Critical phenomena on $k$-booklets

We define a “$k$-booklet” to be a set of $k$ semi-infinite planes with $-\infty <x<\infty$ and $y\ge 0$, glued together at the edges (the “spine”) $y=0$. On such booklets we study three critical phenomena: self-avoiding random walks, the Ising model, and percolation. For $k=2$, a booklet is equivalent to a single infinite lattice, and for $k=1$ to a semi-infinite lattice. In both these cases the systems show standard critical phenomena.
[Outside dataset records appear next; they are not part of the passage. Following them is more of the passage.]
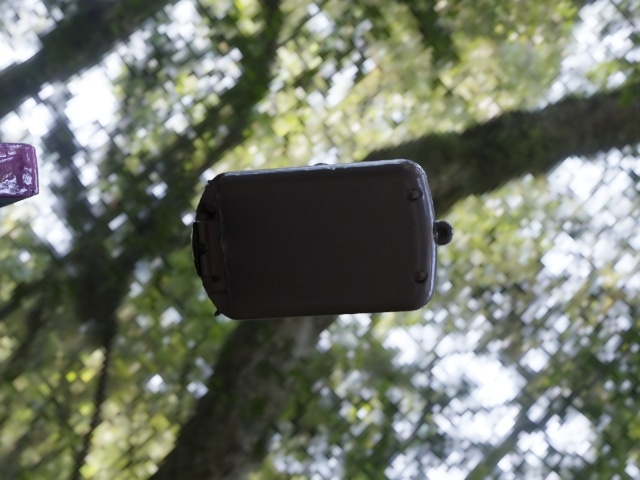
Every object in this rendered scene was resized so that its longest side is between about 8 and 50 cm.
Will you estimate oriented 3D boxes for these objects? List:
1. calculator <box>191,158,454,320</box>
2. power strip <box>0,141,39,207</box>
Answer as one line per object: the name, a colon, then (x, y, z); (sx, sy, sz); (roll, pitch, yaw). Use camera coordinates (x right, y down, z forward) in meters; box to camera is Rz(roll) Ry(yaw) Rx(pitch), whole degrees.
calculator: (0.000, 0.000, 1.168); (0.175, 0.032, 0.100); (-3, -85, 13)
power strip: (-0.299, -0.027, 1.233); (0.279, 0.109, 0.037); (-14, -100, 52)
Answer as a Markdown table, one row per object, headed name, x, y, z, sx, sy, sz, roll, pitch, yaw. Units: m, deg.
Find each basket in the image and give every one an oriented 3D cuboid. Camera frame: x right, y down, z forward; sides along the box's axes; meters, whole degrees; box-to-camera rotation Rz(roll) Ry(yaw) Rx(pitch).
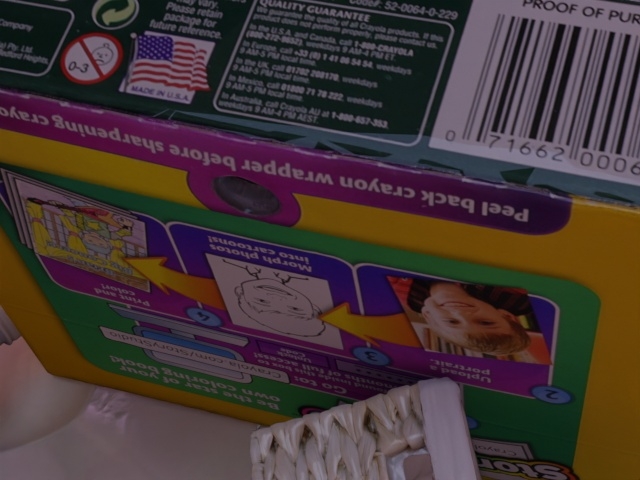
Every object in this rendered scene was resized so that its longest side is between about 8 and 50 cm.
| name | x | y | z | sx | sy | sz | roll | pitch | yaw |
| --- | --- | --- | --- | --- | --- | --- | --- | --- | --- |
| basket | 0.035 | 0.156 | 0.608 | 0.103 | 0.167 | 0.113 | -13 | 57 | 6 |

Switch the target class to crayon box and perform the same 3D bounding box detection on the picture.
| name | x | y | z | sx | sy | sz | roll | pitch | yaw |
| --- | --- | --- | --- | --- | --- | --- | --- | --- | --- |
| crayon box | 0.000 | 0.000 | 0.617 | 0.363 | 0.313 | 0.106 | 12 | 63 | 14 |

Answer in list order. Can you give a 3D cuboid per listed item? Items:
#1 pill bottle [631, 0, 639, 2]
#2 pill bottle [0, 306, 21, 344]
| name | x | y | z | sx | sy | sz | roll | pitch | yaw |
| --- | --- | --- | --- | --- | --- | --- | --- | --- | --- |
| pill bottle | 0.157 | -0.144 | 0.780 | 0.283 | 0.160 | 0.160 | -12 | 57 | -1 |
| pill bottle | -0.250 | 0.078 | 0.728 | 0.094 | 0.094 | 0.169 | 36 | 68 | 25 |

This is not so for $k\ge 3$. Self-avoiding walks starting at $y=0$ show a first-order transition at a shifted critical point, with no power-behaved scaling laws. The Ising model and percolation show hybrid transitions, i.e., the scaling laws of the standard models coexist with discontinuities of the order parameter at $y\approx 0$, and the critical points are not shifted. In the case of the Ising model, ergodicity is already broken at $T=T_c$, and not only for $T<T_c$ as in the standard geometry. In all three models, correlations (as measured by walk and cluster shapes) are highly anisotropic for small $y$.

Figure 1

Log-log plot of average numbers of self-avoiding walks of length $N$ on $k$ joined semi-infinite planes, divided by ${\mu }_k^N$. Here, ${\mu }_1={\mu }_2=\mu$ is the known connective constant of SAWs on ordinary square lattices, while ${\mu }_k$ for $k>2$ are connective constants fitted from these data. For $k\le 2$, the $\gamma$ exponents are in agreement with ${\gamma }_1=61/64$ [9] and ${\gamma }_2=\gamma =43/32$ [7], while they are equal to 1 for $k>2$.

Figure 2

Log-log plot of rms end-to-end distances of self-avoiding walks in the directions parallel and perpendicular to the spine, for $k=3$, 4, and 6. We do not show the data for $k=1$ and 2, since they scale according to the well-known Flory exponent, ${\left[\langle x^2\rangle \right]}^{1/2}\sim {\left[\langle y^2\rangle \right]}^{1/2}\sim N^{3/4}$. The asymptotic scaling is reached fastest for $k=6$, and slowest for $k=3$.

Figure 3

Log-log plot of the average squared magnetization density at fixed $y$, for $k$ Ising models joined at $y=0$. The temperature is the critical one for single lattices.

Figure 4

Non-normalized distributions of the Ising magnetization densities at $y=0$, (a) for $k=2$ and (b) for $k=3$.

Figure 5

Probabilities $P\left(t\right)$ that a percolation cluster at $p=p_c$ continues to grow for time $\ge t$. Clusters start growing at the line $y=0$.

Figure 6

Non-normalized distributions of the density ${\rho }_0$ of sites on the axis $y=0$ “wetted” by clusters that start to grow at $y=0$. In these simulations $L_x$ was finite, but $L_y$ was so large as to be effectively infinite. The left-hand peak corresponds to clusters that died early, while the right-hand peak corresponds to clusters that grow to values $y\gg L_x$.

Figure 7

Log-log plots of the (squared) cluster growth in the $x$ direction, for $k=2,3,...,8$. For $k=2$, we have of course the usual growth of two-dimensional (2D) percolation clusters, but for $k>2$, the growth follows power laws with larger exponents.

Figure 8

Log-log plots of average cluster sizes, for subcritical clusters grown from seeds at $y=0$ on infinitely large lattices. For $k\le 2$, we recover the known scaling laws, and for $k\ge 3$, we find again scaling laws with new exponents.